Now it’s been two weeks for us.  It’s really just still the day of resurrection for them.  The women went to the tomb and found it was empty.  Peter raced to see, came back and told the disciples what had happened.  Cleopas and his companion were on the way to Emmaus and Jesus appears to them and they know him in the breaking of the bread; and now they’ve come back to the rest of the disciples…  And suddenly, all in the same day, Jesus is among them.

So, I just have to hear it this way, and I hope you’ll indulge me for a minute.

Peace be with you.

Oh no!  Wait! Wait!  It’s really me!

Here.  Here.  Go ahead, touch me.  See?  I’m real!

Yeah, I know!  But it’s me!  See the wounds?

Ok.  Ok.  What do I have to do to convince you?

Hey, I know!  How about if I eat something?

You know… he had told them three times.  He told them that this was what would happen.  So, you’d think they’d be expecting him here in this moment.  I have to feel like maybe he’s a little frustrated or exasperated with them.

In chapter nine of Luke’s account we hear,

“The Son of man must suffer many terrible things…  He will be rejected by the elders, the leading priests, and the teachers of religious law.  He will be killed. But on the third day he will be raised from the dead.”

Just a little later in that same chapter,

“Let these words sink into your ears: The Son of man is going to be betrayed into human hands.”

And then in chapter 18 Jesus puts it all on the line

“…he will be handed over to the gentiles; and he will be mocked, and insulted, and spat upon.  After they have flogged him, they will kill him, and on the third day he will rise again.”

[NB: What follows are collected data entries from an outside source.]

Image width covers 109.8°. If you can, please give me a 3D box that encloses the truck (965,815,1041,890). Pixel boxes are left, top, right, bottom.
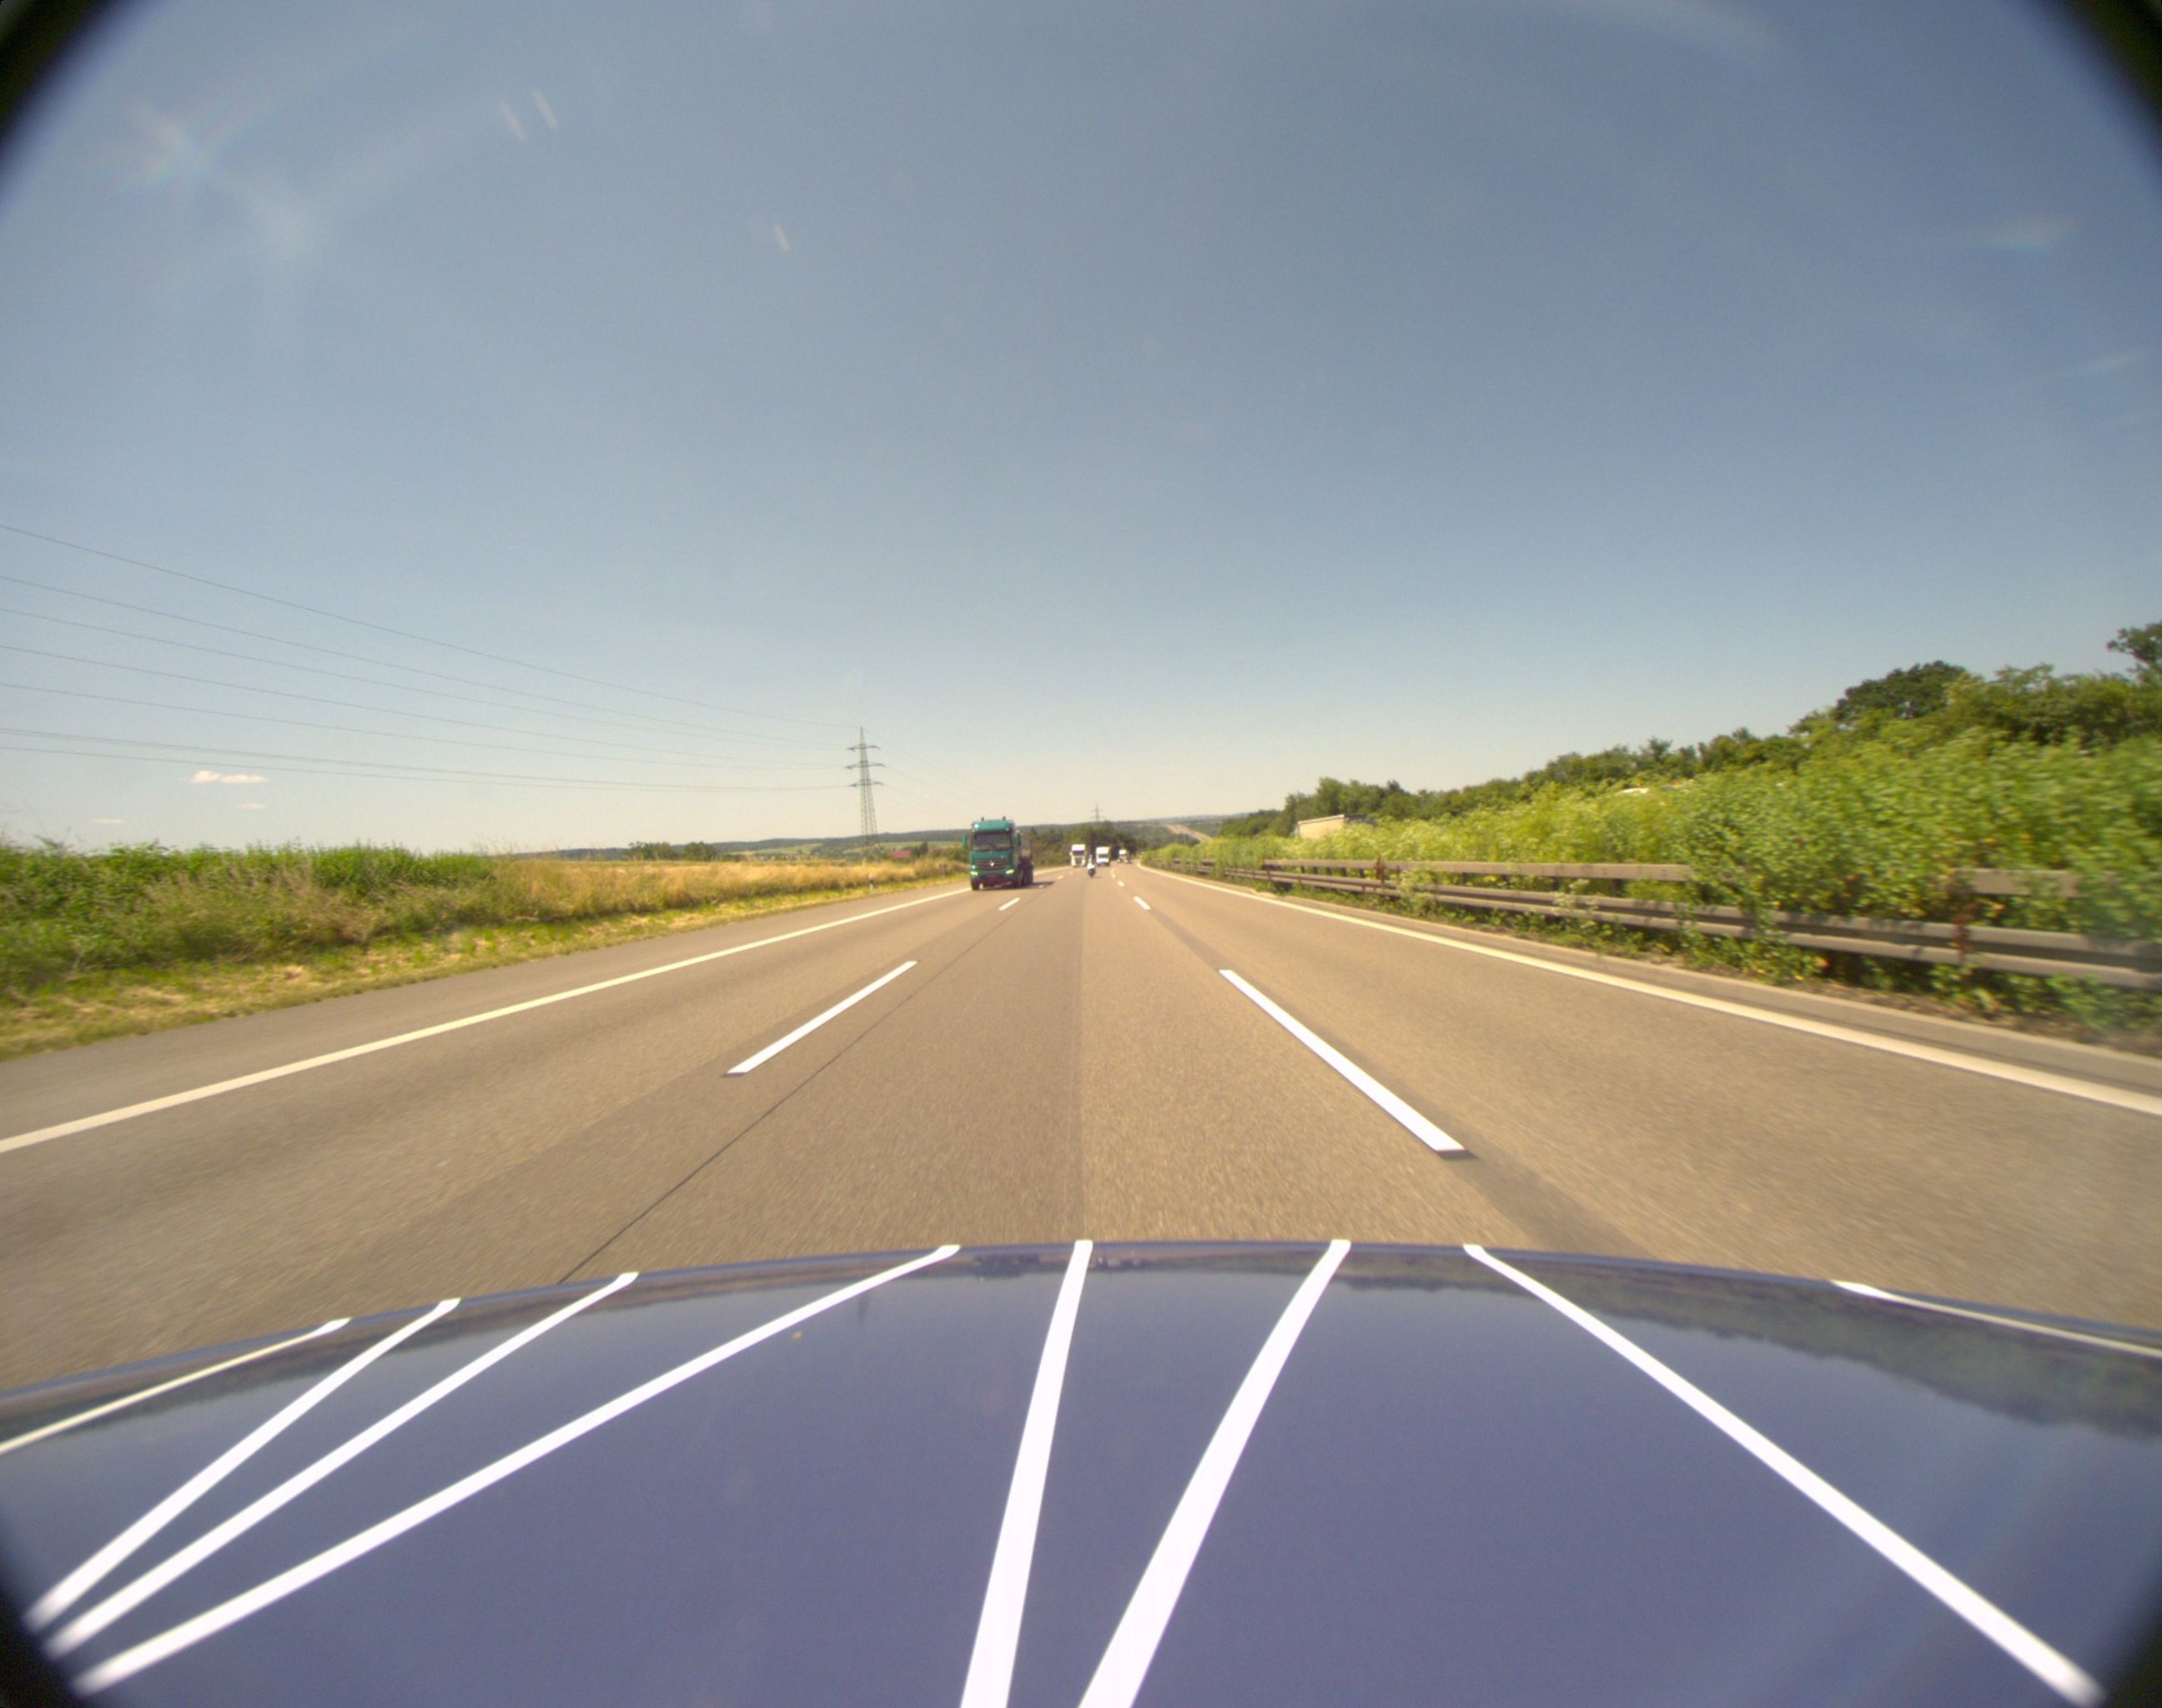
[{"bbox_3d":[-4.284,-0.096,44.907,2.872,3.702,12.762,-2,0,1],"label":"truck"}]

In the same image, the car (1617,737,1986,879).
[{"bbox_3d":[20.530,-1.119,22.782,2.800,3.333,8.797,-2,0,1],"label":"car"}]

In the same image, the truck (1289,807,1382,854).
[{"bbox_3d":[21.846,-1.835,66.789,2.680,3.497,17.039,-2,0,1],"label":"truck"}]

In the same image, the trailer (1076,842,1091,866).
[{"bbox_3d":[0.555,-0.029,148.771,2.607,4.239,13.034,-2,0,1],"label":"trailer"}]

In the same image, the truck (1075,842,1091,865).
[{"bbox_3d":[0.373,-0.027,141.491,2.567,4.129,6.249,-2,0,2],"label":"truck"}]

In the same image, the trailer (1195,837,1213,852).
[{"bbox_3d":[30.163,-2.185,186.575,2.603,3.423,15.832,-2,0,3],"label":"trailer"}]

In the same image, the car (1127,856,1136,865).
[{"bbox_3d":[11.613,1.474,174.657,1.704,1.958,4.000,-2,0,2],"label":"car"}]

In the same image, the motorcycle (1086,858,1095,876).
[{"bbox_3d":[0.721,0.943,57.218,0.631,1.279,2.313,-3,0,1],"label":"motorcycle"}]

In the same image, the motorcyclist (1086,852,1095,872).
[{"bbox_3d":[0.703,0.619,57.253,0.613,1.499,0.513,-2,1,1],"label":"motorcyclist"}]

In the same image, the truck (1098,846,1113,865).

So here we are not very long after Jesus spoke these words, and the disciples see Jesus, and they just can’t believe their eyes.  All of the evidence would point to the contrary.  Jesus with dead.

Now I guess maybe, maybe, we can cut the disciples a little slack here, and maybe in fact we should.  Because the disciples, living where and when they did, new all about rejection, betrayal, mocking, and insults.  They knew all about spitting, flogging, humiliation, and torture.  And they knew full well that speaking truth to power, working for justice and peace among all people, and demanding the dignity and respect due to every human being… could very well get you crucified, dead, and buried.  They didn’t need to be convinced that Jesus was dead.

But here he was standing among them again!  It took a lot of convincing for them to believe that this wasn’t the ghost or an apparition.  They knew all about Good Friday, but they weren’t prepared for Easter: for Jesus standing amongst them, clear proof that death is not the end, love triumphing over hate, God still with us even after all that we have done.

Nothing in their world, nothing in their experience, not even Jesus telling them that it would happen, could have prepared them for Easter.  And that’s why they couldn’t see it even when it was standing right there in front of them.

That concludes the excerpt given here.